# Bangkok | After 10 years



## azumiii (Nov 10, 2014)

Visited for the first time back in year 2007.
After almost 11 years, I'm back.
First time for the mother and sis.

A lot has changed with Bangkok since then. 
People still mistake me for a Thai.

Day 1:
Long time no see Thailand.


----------



## azumiii (Nov 10, 2014)

Walking distance from our hotel is Neon Market Pratunam. It's basically a street food park.
1 and 4 by azumiii
2 and 3 by sis

Failing flatlay of pad thai. It was yummy, just didnt look like it. Food photography is the hardest, I swear.


----------



## azumiii (Nov 10, 2014)

Day 3 shots
Ideo Q at Rama IV. Pigeons enjoying their morning view


----------



## azumiii (Nov 10, 2014)

Baiyoke I


----------



## azumiii (Nov 10, 2014)

Random footbridge in Bangkok:
Clean, no posters or tarps hanging on it, modern design, spacious, shaded
Day 2


----------



## azumiii (Nov 10, 2014)

Traffic in the palace


----------



## azumiii (Nov 10, 2014)

The Address Chidlom


----------



## christos-greece (Feb 19, 2008)

Great, very nice photos from Bangkok


----------



## azumiii (Nov 10, 2014)

christos-greece said:


> Great, very nice photos from Bangkok


Thanks. ive been researching for the best place in the Pratunam neighborhood (where we are booked) for taking photo of the "Pixel" building Maha Nakhon Ritz Carlton but it is always somehow blocked by older buildings and I can only see about a third of it or sometimes just the topmost floors. 

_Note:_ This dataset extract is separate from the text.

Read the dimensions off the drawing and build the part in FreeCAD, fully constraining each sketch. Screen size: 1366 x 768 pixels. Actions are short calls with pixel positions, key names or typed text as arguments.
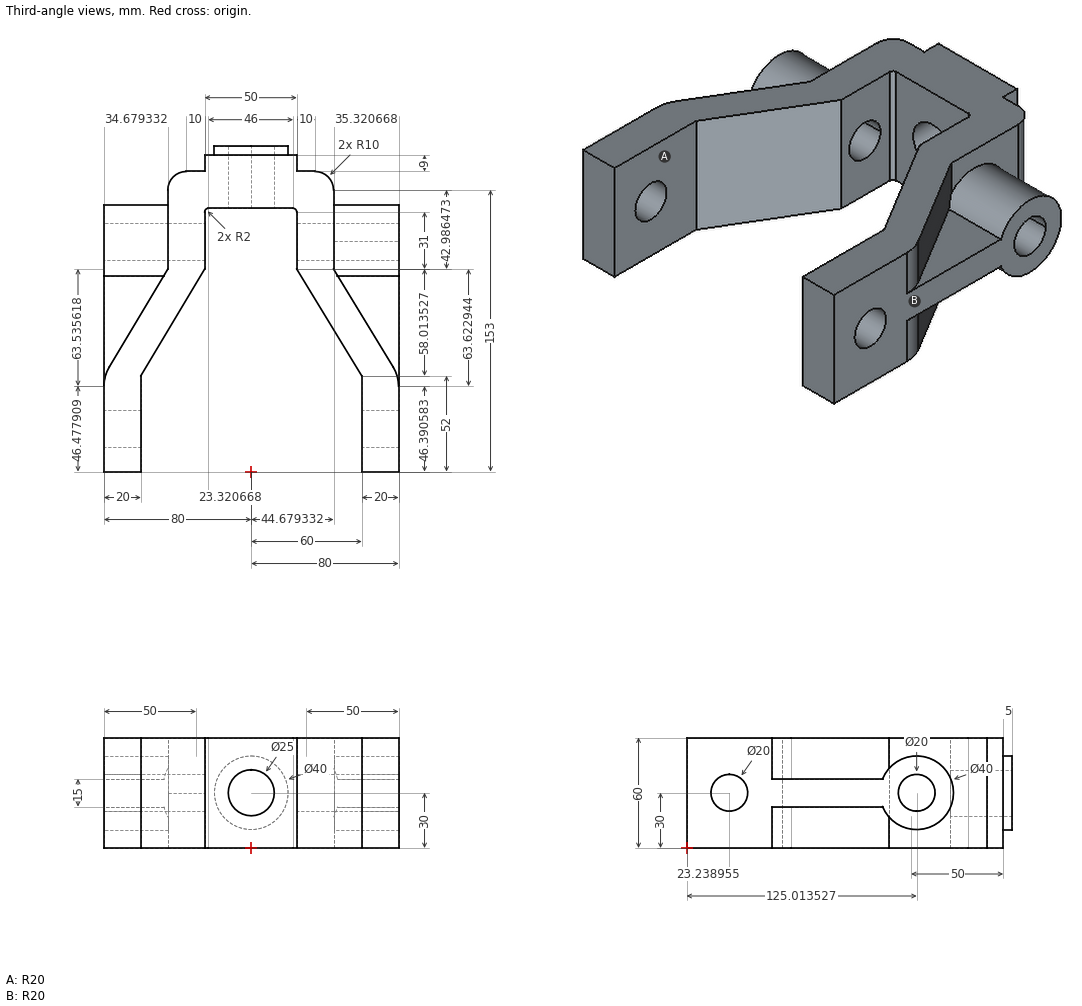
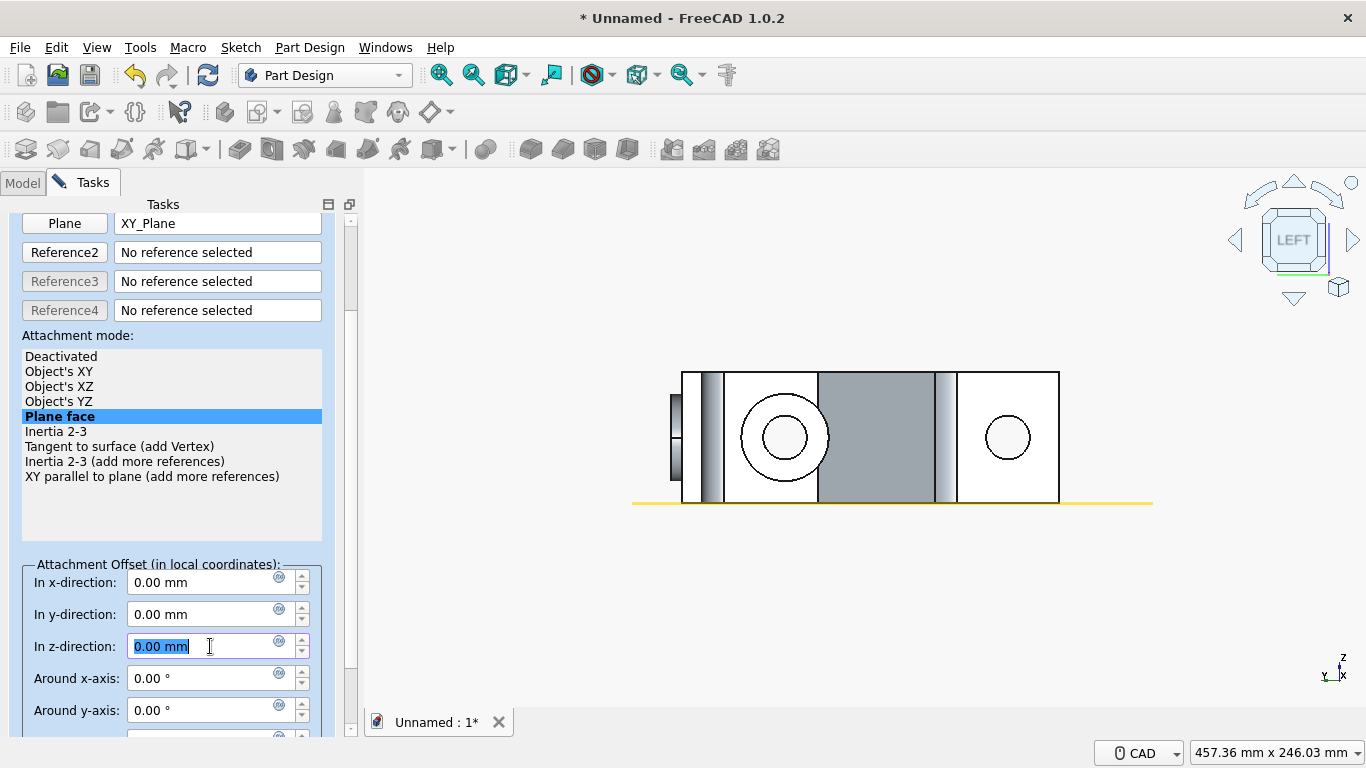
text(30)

Today, our last day I tried one last time after failing to have a good view from Lumpini Park and Im glad I found a spot in MBK Mall. 

It's the best I can do but Im sure its more majestic if I went near very near it. Also, not many people in Bangkok know about this building. Is it ugly? I like it.

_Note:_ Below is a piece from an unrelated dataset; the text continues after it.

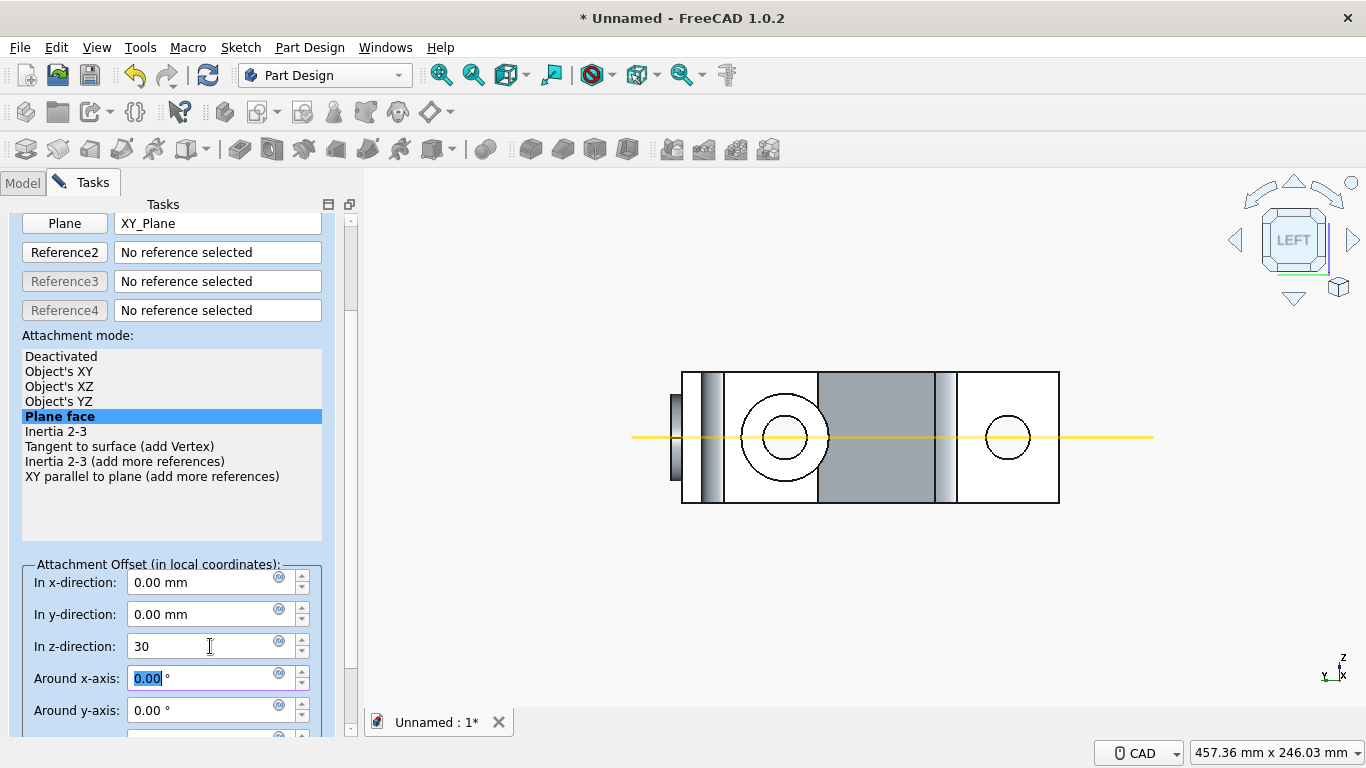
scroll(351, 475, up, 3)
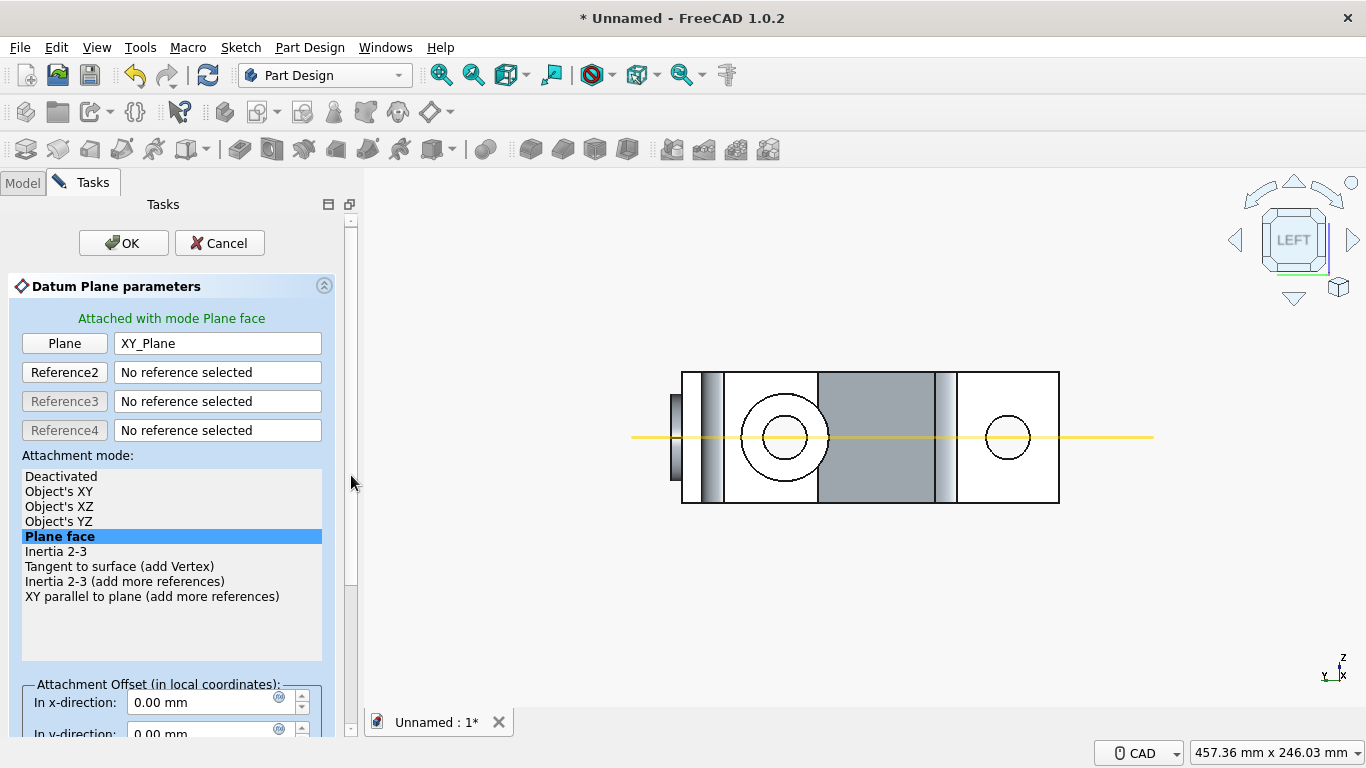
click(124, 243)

Taken from restricted area  in 7th floor, MBK Mall


----------



## azumiii (Nov 10, 2014)

Something caught my eye from Day 1 and on my last day in Bkk, I cant help but stare and appreciate its beauty. If it is one of bkk's old buildings, this one has aged gracefully. 

I cant get enough of it.


----------



## azumiii (Nov 10, 2014)




----------



## azumiii (Nov 10, 2014)

View from our hotel room in Pechburi


----------



## azumiii (Nov 10, 2014)

^^I didnt realize Ive posted that photo before. Just cant help but appreciate its beauty. Its like a castle. Something different from all the glassy buildings in most cities. I imagine count Dracula staring from his penthouse window


----------